GCN Circular 16020
Subject
GRB 140320A: Swift-BAT refined analysis
Date
2014-03-21T13:04:45Z (11 years ago)
From
Amy Lien at GSFC <amy.y.lien@nasa.gov>
D. M. Palmer (LANL), S. D. Barthelmy (GSFC), W. H. Baumgartner (GSFC/UMBC),
J. K. Cannizzo (NASA/UMBC), J. R. Cummings (GSFC/UMBC), N. Gehrels (GSFC),
H. A. Krimm (GSFC/USRA), A. Y. Lien (NASA/UMBC), C. B. Markwardt (GSFC),
T. Sakamoto (AGU), M. Stamatikos (OSU), J. Tueller (GSFC),
T. N. Ukwatta (MSU) (i.e. the Swift-BAT team):
Using the data set from T-240 to T+962 sec from the recent telemetry downlink,
we report further analysis of BAT GRB 140320A (trigger #592544)
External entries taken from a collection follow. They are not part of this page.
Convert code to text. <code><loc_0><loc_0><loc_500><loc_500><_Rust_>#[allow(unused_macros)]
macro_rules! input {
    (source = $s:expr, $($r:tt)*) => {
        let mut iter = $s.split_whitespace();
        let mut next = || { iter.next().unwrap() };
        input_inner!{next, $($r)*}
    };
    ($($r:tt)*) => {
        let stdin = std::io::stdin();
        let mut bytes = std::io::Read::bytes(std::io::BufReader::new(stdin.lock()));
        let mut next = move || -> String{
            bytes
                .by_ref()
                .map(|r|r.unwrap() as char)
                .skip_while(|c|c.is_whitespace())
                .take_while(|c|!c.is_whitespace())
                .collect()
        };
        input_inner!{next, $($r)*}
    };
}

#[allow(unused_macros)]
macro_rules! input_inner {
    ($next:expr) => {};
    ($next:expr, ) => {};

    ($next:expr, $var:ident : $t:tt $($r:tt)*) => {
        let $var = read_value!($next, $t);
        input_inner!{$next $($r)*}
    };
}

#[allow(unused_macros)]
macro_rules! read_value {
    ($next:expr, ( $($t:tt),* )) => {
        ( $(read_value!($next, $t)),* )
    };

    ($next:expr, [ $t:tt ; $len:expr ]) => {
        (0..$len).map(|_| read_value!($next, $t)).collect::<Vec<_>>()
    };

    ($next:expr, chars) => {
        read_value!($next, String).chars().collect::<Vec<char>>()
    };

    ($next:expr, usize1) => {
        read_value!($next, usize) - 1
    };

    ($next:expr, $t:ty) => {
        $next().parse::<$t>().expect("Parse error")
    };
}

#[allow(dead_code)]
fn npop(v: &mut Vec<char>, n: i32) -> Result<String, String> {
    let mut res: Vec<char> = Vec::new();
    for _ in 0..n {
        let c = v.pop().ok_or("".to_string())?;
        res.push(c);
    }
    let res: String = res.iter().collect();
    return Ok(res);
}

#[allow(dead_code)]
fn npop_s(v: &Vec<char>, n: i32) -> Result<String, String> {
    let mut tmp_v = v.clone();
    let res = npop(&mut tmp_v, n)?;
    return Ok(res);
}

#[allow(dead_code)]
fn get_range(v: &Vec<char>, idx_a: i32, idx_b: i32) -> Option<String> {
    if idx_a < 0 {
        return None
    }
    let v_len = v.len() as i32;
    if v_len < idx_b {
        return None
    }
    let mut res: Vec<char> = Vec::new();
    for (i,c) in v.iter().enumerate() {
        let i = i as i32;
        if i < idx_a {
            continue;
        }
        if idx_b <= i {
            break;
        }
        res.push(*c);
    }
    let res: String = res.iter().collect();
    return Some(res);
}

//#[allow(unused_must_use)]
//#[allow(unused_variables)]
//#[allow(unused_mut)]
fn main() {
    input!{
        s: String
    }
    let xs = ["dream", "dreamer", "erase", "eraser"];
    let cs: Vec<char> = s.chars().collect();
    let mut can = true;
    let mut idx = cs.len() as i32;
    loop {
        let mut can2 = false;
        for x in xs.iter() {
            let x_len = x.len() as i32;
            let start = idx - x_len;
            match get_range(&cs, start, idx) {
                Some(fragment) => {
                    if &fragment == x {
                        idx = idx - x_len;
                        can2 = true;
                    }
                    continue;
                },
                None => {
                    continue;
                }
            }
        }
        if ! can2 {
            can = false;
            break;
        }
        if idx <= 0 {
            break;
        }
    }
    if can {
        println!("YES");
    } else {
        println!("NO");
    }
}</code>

(Cannizzo, et al., GCN Circ. 16000). The BAT ground-calculated position is
RA, Dec = 281.843, -11.188 deg which is
RA(J2000) = 18h 47m 22.4s
Dec(J2000) = -11d 11' 18.5"
with an uncertainty of 2.4 arcmin, (radius, sys+stat, 90% containment).
The partial coding was 88%.
The mask-weighted light curve shows a double short-peaked structure starts
at ~T-0.1 s. The second peak starts immediately at the end of the first peak
at ~T+0.3 s, and ends at ~T+0.4 s. T90 (15-350 keV) is 0.45 +- 0.07 sec
(estimated error including systematics).
The time-averaged spectrum from T-0.08 to T+0.44 sec is best fit by a simple
power-law model. The power law index of the time-averaged spectrum is
1.24 +- 0.36. The fluence in the 15-150 keV band is 4.9 +- 1.0 x 10^-8 erg/cm2.
The 1-sec peak photon flux measured from T-0.32 sec in the 15-150 keV band
is 0.6 +- 0.2 ph/cm2/sec. All the quoted errors are at the 90% confidence
level.
As noted in the Fermi/GBM circular (Younes et al.; GCN Circ. 16001), the pulse
at ~T+140 s initially reported in Cannizzo, et al. (GCN Circ. 16000) is
originated from a different source, the bursting pulsar GROJ1744-28.
Therefore, GRB 140320A is a short burst.